Disorder and waves have an uneasy relationship. In everyday life, a muddy room muffles sound and makes it hard for a whisper to travel. In quantum materials, randomness can trap electrons, a phenomenon known as Anderson localization. For a long time, physicists have understood that in one- and two-dimensional systems, any amount of uncorrelated disorder tends to localize waves. In three dimensions, a mobility edge can separate localized states from extended ones, with a localization length that diverges near the transition. The story grows richer when the landscape isn’t strictly Hermitian (the standard assumption where energy is real and probabilities conserve) or when the disorder is quasiperiodic, a nearly-but-not-quite repeating pattern. The new work in this paper pushes the frontier by placing a non-Hermitian, quasiperiodic potential onto a highly special one-dimensional lattice called a flat-band lattice, and then tracking how localization behaves in the complex energy plane.
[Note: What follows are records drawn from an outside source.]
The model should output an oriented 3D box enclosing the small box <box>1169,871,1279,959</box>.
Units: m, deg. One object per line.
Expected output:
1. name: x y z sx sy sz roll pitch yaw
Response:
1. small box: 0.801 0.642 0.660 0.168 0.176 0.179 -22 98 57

The result isn’t just a nuance; it’s a reimagining of how localized and extended waves can organize themselves when gain, loss, and unusual band structure interact.
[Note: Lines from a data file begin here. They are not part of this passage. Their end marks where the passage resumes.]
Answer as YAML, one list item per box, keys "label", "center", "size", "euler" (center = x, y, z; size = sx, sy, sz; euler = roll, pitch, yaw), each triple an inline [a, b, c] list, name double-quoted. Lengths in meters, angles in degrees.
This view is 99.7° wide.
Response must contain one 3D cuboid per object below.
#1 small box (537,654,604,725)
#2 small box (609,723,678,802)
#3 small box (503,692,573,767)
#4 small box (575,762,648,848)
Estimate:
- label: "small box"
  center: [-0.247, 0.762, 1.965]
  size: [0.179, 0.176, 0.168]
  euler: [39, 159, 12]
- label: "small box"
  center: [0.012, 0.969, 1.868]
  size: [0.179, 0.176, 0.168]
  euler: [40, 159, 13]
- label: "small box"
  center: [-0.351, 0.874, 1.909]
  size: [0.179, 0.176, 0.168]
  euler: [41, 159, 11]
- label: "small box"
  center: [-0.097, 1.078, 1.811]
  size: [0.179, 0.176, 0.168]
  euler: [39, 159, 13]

The study, conducted by researchers affiliated with Guangzhou University and South China Normal University in China, led by Yi-Cai Zhang (with colleagues Guang-Xin Pang, Zhi Li, Shan-Zhong Li, Yan-Yang Zhang, and Jun-Feng Liu), maps the exact boundaries between localized and extended states in a complex energy landscape. In other words, they don’t just say where localization happens; they show the precise geometry of where extended states live in the complex plane, and how those regions rearrange when non-Hermiticity enters the game. The terms “mobility edges,” “mobility lines,” and “mobility rings” become literal shapes in the math, and the shapes tell a vivid story about how quantum states traverse disordered, non-conservative worlds.
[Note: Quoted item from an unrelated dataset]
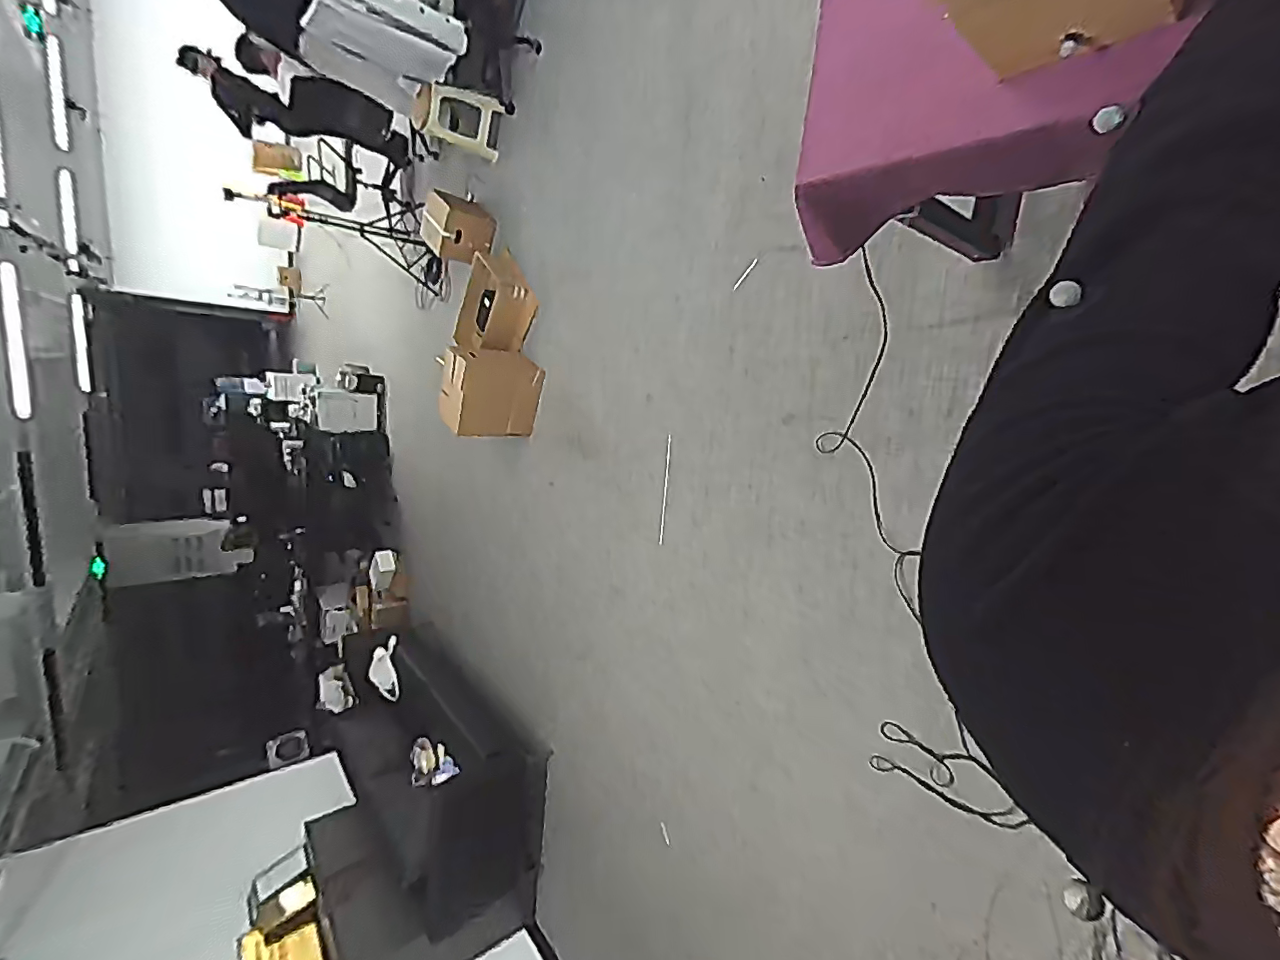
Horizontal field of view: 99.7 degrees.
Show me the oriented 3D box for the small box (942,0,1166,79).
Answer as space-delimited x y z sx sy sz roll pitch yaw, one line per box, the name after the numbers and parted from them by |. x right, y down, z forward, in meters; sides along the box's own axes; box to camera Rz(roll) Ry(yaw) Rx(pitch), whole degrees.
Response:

To situate the drama, think of a lattice that’s not just a simple line of atoms but a compact three-site motif—a capital A, B, and C—that fuses two diamonds into a flat, energy-flat plateau in the middle of its spectrum. In such a flat-band lattice, there’s a unique opportunity: localization can coexist with extended states in striking ways, and the transitions between these kinds of states can be triggered not only by how strong the disorder is, but by how the potential bends and twists in a non-Hermitian, quasiperiodic landscape. The researchers ask a bold question: what happens to the classic idea of critical states—those delicate, patchwork states sitting between localization and extension—when the potential is non-Hermitian? The answer unfolds with elegance and a touch of mathematical artistry.
Behind the science, the paper grounds its analysis in a lattice model built from three sublattices (A, B, C) arranged as two intersecting diamond lattices. When the on-site potential vanishes, the model reveals three energy bands: a lower band, a middle flat band at zero energy, and an upper band. The flat band is the stage where localization physics can play out in surprising ways, because the dispersionless middle band allows localized and extended states to mingle in nontrivial fashions. Introducing a non-Hermitian, quasiperiodic on-site potential—one that carries both a real phase and an imaginary component—acts like a breeze stirring the sea of states. What follows is a precise, almost geometric map of where waves can roam freely and where they must be confined, with the added twist that those boundaries live in a complex energy plane. The work’s authors—Pang, Li, Li, Zhang, Liu, and Zhang—are backed by several Chinese institutions and led by Yi-Cai Zhang in this distinctive foray into non-Hermitian flat-band physics.